Afyon, “Market ve nihai satıcılar, kar marjlarını dikkatli bir şekilde gözden geçirmeli. Üreticiden çıkan fiyat ile market fiyatları arasındaki makas oldukça açık. Bir zamanlar bazı satıcılar 200 TL’nin üzerinde yumurta satışı yaptı. Şu anda ise fiyatların düşmesi, üreticilerin zararını azaltmak ve sürdürülebilirliği sağlamak adına önemli. Yaz aylarında stoklama zorluğu yaşanmadığında, fiyatların daha makul seviyelerde seyretmesi bekleniyor” dedi.
TÜKONFED Başkanı Aydın Ağaoğlu, yaptığı açıklamada, artan et fiyatları nedeniyle vatandaşların yegane hayvansal proteini olan yumurta fiyatının arz ve talep dengesine göre belirlenmesi gerektiğini vurguladı. Ağaoğlu, “Nasılsa talep çok, yurtdışında da talep var ve ABD’de kuş gribi nedeniyle üretim azaldı, fiyatları artırmak etik değil. Vatandaş, yumurta tüketememeye başladı ve bu da ihracatta hedeflenen sonuçların alınamamasına yol açtı. Bu nedenle fiyatlar, piyasadaki gerçek arz ve talep durumuna göre düzenlenmelidir” ifadelerini kullandı.

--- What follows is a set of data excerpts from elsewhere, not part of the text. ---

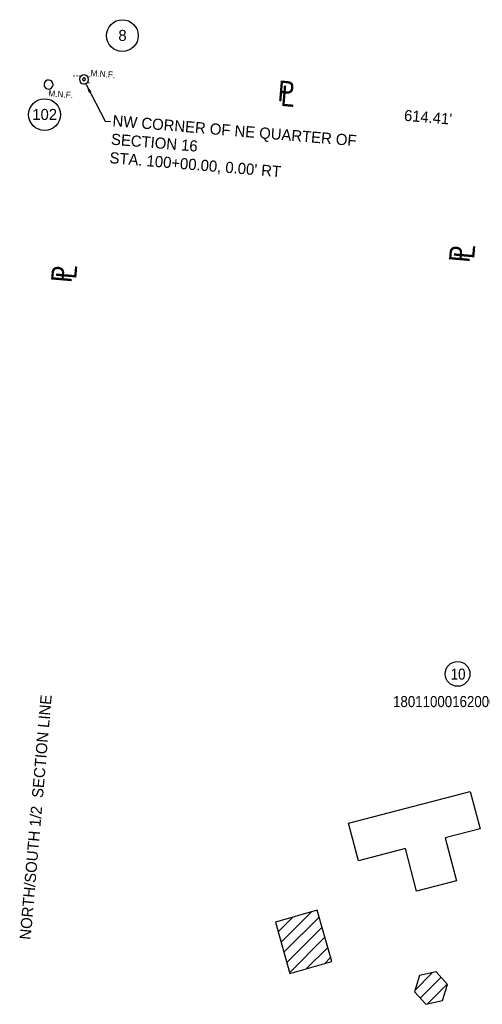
# Model space of a CAD drawing. Header units: feet. Extents: x 1577529 to 1584375, y 671861 to 674419.
# Tile 7 of 12: x 1582856 to 1583171, y 672531 to 673200. Entities that reach past the tile are written whole.
import ezdxf
from ezdxf.enums import TextEntityAlignment as Align

# ---------------------------------------------------------------- set-up
doc = ezdxf.new("R2010")
doc.units = ezdxf.units.FT
doc.header["$MEASUREMENT"] = 0
for name, color, linetype in [('BD_X_Building', 130, 'Continuous'), ('BD_X_Hatch', 247, 'Continuous'), ('RW_P_Text-Boundary', 20, 'Continuous'), ('RW_P_Text-Parcel', 140, 'Continuous'), ('RW_X_Text-CLplat', 30, 'Continuous'), ('RW_X_Text-PropMap', 10, 'Continuous')]:
    doc.layers.add(name, color=color, linetype=linetype)
doc.styles.get("Standard").update_dxf_attribs({"font": 'font31.shx'})
doc.styles.add('Style-font31', font='font31.shx')
doc.dimstyles.new('COEC', dxfattribs={"dimscale": 13.9, "dimtxt": 0.18, "dimasz": 0.18, "dimexe": 0.18, "dimexo": 0.0625, "dimgap": 0.09, "dimtad": 1, "dimzin": 0, "dimdsep": 46, "dimtxsty": 'Standard', "dimcen": 0.09, "dimclrd": 256, "dimclre": 256, "dimclrt": 256, "dimaunit": 1, "dimadec": 4, "dimazin": 0, "dimtfac": 1, "dimtofl": 0, "dimtmove": 0, "dimatfit": 3, "dimfxl": 1, "dimtolj": 1, "dimtzin": 0, "dimlwd": -1, "dimlwe": -1, "dimarcsym": 0})
pattern_1 = [(45, (2832.348, 473.8166), (-4.419417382, 4.419417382), [])]

msp = doc.modelspace()

# ---------------------------------------------------------------- hatches: boundary and pattern name
at = {"layer": 'BD_X_Hatch'}
h = msp.add_hatch(dxfattribs=at)
h.set_pattern_fill('ANSI31', color=256, scale=50)
h.set_pattern_definition(pattern_1)
h.paths.add_polyline_path([(1583058.62, 672595.19), (1583030.18, 672587.08), (1583040.06, 672552.41), (1583068.5, 672560.51)])
h = msp.add_hatch(dxfattribs=at)
h.set_pattern_fill('ANSI31', color=256, scale=50)
h.set_pattern_definition(pattern_1)
h.paths.add_polyline_path([(1583147.15, 672544.94), (1583139.33, 672553.4), (1583128.1, 672550.86), (1583124.68, 672539.86), (1583132.5, 672531.4), (1583143.74, 672533.94)])

# ---------------------------------------------------------------- linework, layer by layer
at = {"layer": 'BD_X_Building'}
for points in [[(1583079.96, 672654.32), (1583162.58, 672675.94), (1583169.24, 672650.49), (1583145.59, 672644.3), (1583153.19, 672615.28), (1583126.1, 672608.19), (1583118.5, 672637.21), (1583086.63, 672628.87)], [(1583040.06, 672552.41), (1583068.5, 672560.51), (1583058.62, 672595.19), (1583030.18, 672587.08)]]:
    msp.add_lwpolyline(points, close=True, dxfattribs=at)
at = {"layer": 'BD_X_Building', "flags": 128}
msp.add_lwpolyline([(1583139.33, 672553.4), (1583128.1, 672550.86), (1583124.68, 672539.86), (1583132.5, 672531.4), (1583143.74, 672533.94), (1583147.15, 672544.94)], close=True, dxfattribs=at)
at = {"layer": 'RW_P_Text-Boundary'}
for points in [[(1582905.32, 673160.86, 0, 0.749, 0), (1582903.08, 673161.07, 0, 0, 0.2615), (1582901.41, 673160.33, 0, 0, -0.949202)], [(1582904.98, 673156.79, 0, 0.749, 0), (1582902.74, 673156.95, 0, 0, -0.2615), (1582901.21, 673157.96, 0, 0, 0.949202)]]:
    msp.add_lwpolyline(points, format="xyseb", dxfattribs=at)
at = {"layer": 'RW_P_Text-Parcel'}
msp.add_arc((1582900.17, 673159.21, 1009.4), 1.02, 266.53396, 265.53396, dxfattribs=at)
at = {"layer": 'RW_X_Text-CLplat'}
for centre in [(1582926.24, 673188.96, 1009.4), (1582873.35, 673135.31, 1009.4)]:
    msp.add_circle(centre, 10.8, dxfattribs=at)
for centre in [(1582900.17, 673159.21, 1009.4), (1582876.08, 673155.72, 1008.57)]:
    msp.add_arc(centre, 3.06, 266.53396, 265.53396, dxfattribs=at)
at = {"layer": 'RW_X_Text-PropMap'}
msp.add_circle((1583153.98, 672755.69), 8.4, dxfattribs=at)

# ---------------------------------------------------------------- texts
at = {"layer": 'RW_P_Text-Parcel'}
msp.add_text('M.N.F.', height=1.4, rotation=355.28186, dxfattribs=at).set_placement((1582892.57, 673161.16, 1009.4))
at = {"layer": 'RW_X_Text-CLplat'}
for s, p in [('8', (1582926.34, 673185.34, 1009.4)), ('102', (1582873.45, 673131.69, 1009.4))]:
    msp.add_text(s, height=7.5, dxfattribs=at).set_placement(p, align=Align.CENTER)
for p in [(1582904.45, 673161.57, 1009.4), (1582875.82, 673147.82, 1008.57)]:
    msp.add_text('M.N.F.', height=4.2, rotation=355.28186, dxfattribs=at).set_placement(p)
at = {"layer": 'RW_X_Text-CLplat', "style": 'Style-font31'}
msp.add_text("614.41'", height=7.5, rotation=355.28186, dxfattribs=at).set_placement((1583117.38, 673131.18))
at = {"layer": 'RW_X_Text-CLplat', "char_height": 7.56, "attachment_point": 1, "style": 'Style-font31'}
for s, insert, width, rotation in [("NW CORNER OF NE QUARTER OF SECTION 16\\PSTA. 100+00.00, 0.00' RT", (1582919.95, 673135.08), 166.2385, 355.28186), ('\\A1;NORTH/SOUTH 1/2  SECTION LINE', (1582856.38, 672575.66), 197.1224, 85.05214)]:
    msp.add_mtext(s, dxfattribs=dict(at, insert=insert, width=width, rotation=rotation))
at = {"layer": 'RW_X_Text-PropMap', "style": 'Style-font31', "width": 0.9}
for s, rotation, p in [('P', 355.28186, (1583031.35, 673144.63)), ('L', 355.28186, (1583033.46, 673141.28)), ('P', 85.05222, (1583161.98, 673034.57)), ('L', 85.05222, (1583165.24, 673037.04)), ('L', 85.05222, (1582894.85, 673023.35)), ('P', 85.05222, (1582891.59, 673020.87))]:
    msp.add_text(s, height=14, rotation=rotation, dxfattribs=at).set_placement(p)
for s, p in [('10', (1583149.34, 672751.76)), ('1801100016200026', (1583110.14, 672733.16))]:
    msp.add_text(s, height=7.5, dxfattribs=at).set_placement(p)
at = {"layer": 'RW_X_Text-PropMap', "char_height": 7.56, "attachment_point": 1, "style": 'Style-font31'}
for s, insert, width, rotation in [("NW CORNER OF NE QUARTER OF SECTION 16\\PSTA. 100+00.00, 0.00' RT", (1582919.95, 673135.08), 166.2385, 355.28186), ('\\A1;NORTH/SOUTH 1/2  SECTION LINE', (1582856.38, 672575.66), 192.2239, 85.05214)]:
    msp.add_mtext(s, dxfattribs=dict(at, insert=insert, width=width, rotation=rotation))

# ---------------------------------------------------------------- leaders
at = {"layer": 'RW_X_Text-CLplat'}
msp.add_leader([(1582901.6, 673155.84), (1582914.49, 673130.88), (1582918.15, 673130.59)], dimstyle='COEC', override={"dimscale": 33}, dxfattribs=at)
at = {"layer": 'RW_X_Text-PropMap'}
msp.add_leader([(1582901.6, 673155.84), (1582914.49, 673130.88), (1582918.15, 673130.59)], dimstyle='COEC', override={"dimscale": 33}, dxfattribs=at)

doc.saveas('drawing.dxf')

Ağaoğlu, “Bazı marketlerde 30’lu yumurta fiyatlarının 100-120 TL arasında olduğunu, bazı marketlerde ise 170-180 TL civarında olduğunu gözlemledim. Yumurta, çabuk bozulabilen bir ürün olduğundan, raf ömrü süresince tüketilmemesi halinde israf kaçınılmazdır. Bu nedenle, üretici ve satış noktaları fiyatları makul seviyelerde tutmak zorunda. Tüketici ile fiyat konusunda sıkı pazarlık yapılmamalı” dedi. Ayrıca, iç piyasadaki yumurta arzının ihracata yönlendirilmesi konusunda da dikkatli olunması gerektiğine vurgu yaptı. Bu yaklaşım, ürünlerin bozulma riskini azaltacak ve piyasada istikrar sağlayacaktır.